I laughed. “They smell so bad alive I don't see how they could get any worse.”

“The stench reminds me of rotting fish, sour grapes, and old locker-room sweat. Come on. I'll show you.” He didn't need to take my arm, but I let him. He was like a friendly uncle who wanted to show off his chamber of horrors. We went past sections of flying skulls laid out like bikers' helmets. I'd always wanted a motorcycle.

“What do you call the Clydes?”

“We don't,” he answered quickly. “We think your friends were wrong to think they might be the product of genetic engineering. They're probably the human traitors who were given some kind of treatment to make them tractable.”

The fatty was behind glass and made me think of a gigantic meat loaf that had been left out in the sun. The metal guns it used for arms had been removed
and stacked up next to the monster like giant flashlights. He looked sort of pathetic without them.

“You can't smell it from here, but if you want to step into the room . . .”

“No, thanks.” I turned him down, unsure if he was kidding me. “Let's see the zombies.”

I wish I hadn't asked.

He led me to the end of the warehouse, where I finally saw some other people in white lab coats. For a moment it had seemed as if the whole place belonged to Ackerman and his monsters. We went out into a corridor. I figured the zombies had been given a special place of their own.

Like I said, what's great about scientists is the way they refuse to talk down to kids. Ackerman started to lecture, and it was fine with me:

“The most interesting part about studying zombies is the residual speech pattern. We have recorded many hours of zombie dialogue. Some of them fixate on the invasion, speaking cryptically about gateways and greater forces that lie behind them. Others pick up a pattern from their own lives, repeating phrases that tell us something about them. A final test group doesn't speak at all. We are attempting to find out if they retain any capacity to reason after the transformation.”
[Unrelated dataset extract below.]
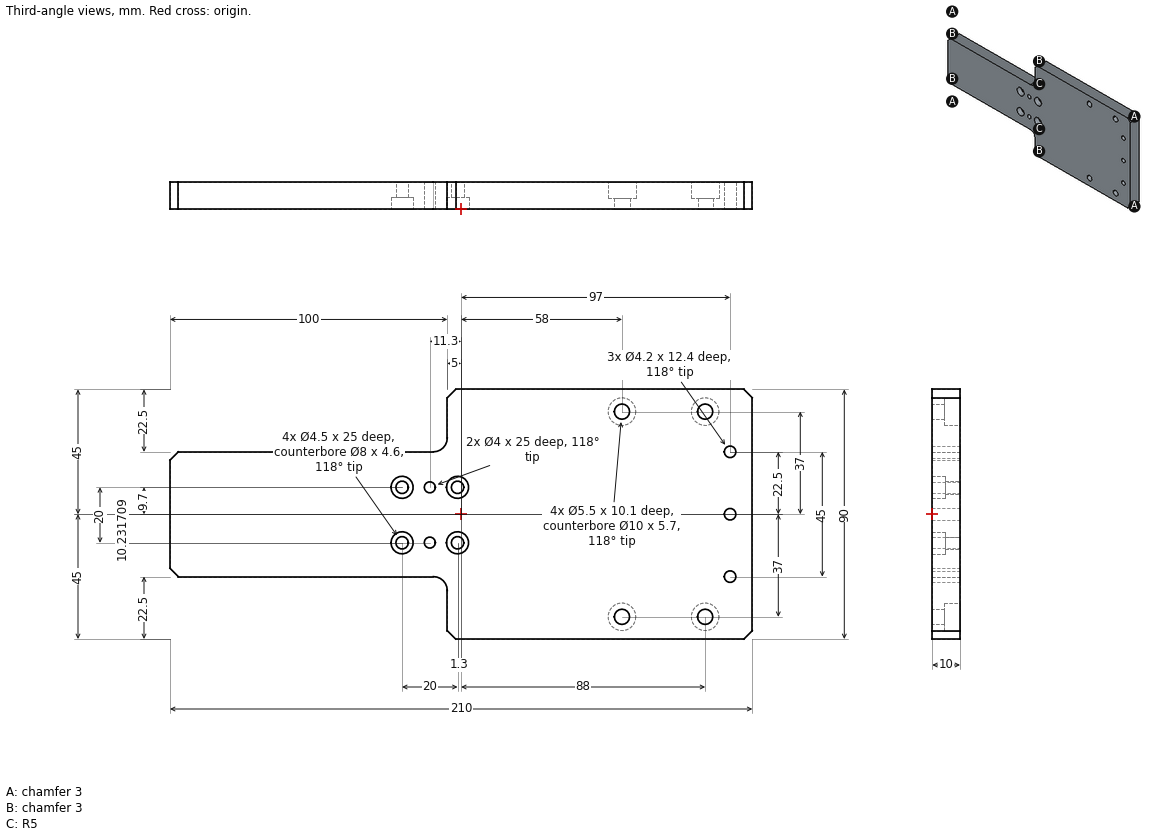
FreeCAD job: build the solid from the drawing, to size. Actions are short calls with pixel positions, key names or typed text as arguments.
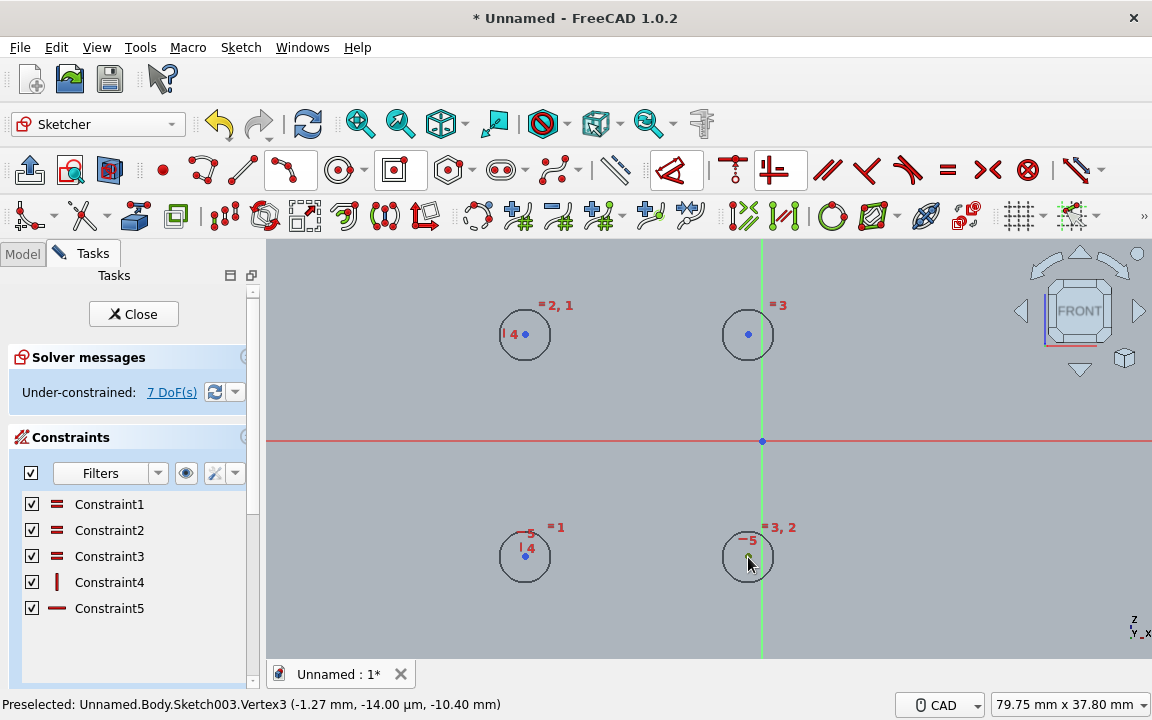
click(748, 335)

“No,” I said as strongly as I could. “The human part of them is dead.”

“I understand how you must feel,” he said. “It's easier for all of us if we assume we're not killing anyone human on the other end of the gun barrel.”

I shook my head. “You don't understand,” I told him. “I'll kill any skag who betrayed us. The traitors are still human. I wouldn't have any problem pulling
the trigger on those creeps in the government who helped the demons.”

“All right, calm down,” he said in a completely different tone of voice. “I was really talking about myself just then. It's easier for me to work on these, er, zombies, if I think there's no humanity left.”

Arlene keeps saying I can be a real pill, so I decided to be that way on purpose. I asked, “What difference does that make to you, Doctor, if they weren't geniuses when they were alive?”

He laughed instead of getting mad. “You
are
smart, Jill. I need to watch my step around you. I hope we'll enjoy working together. We can start now. What's your theory of why a few of the big monsters seem able to reason?”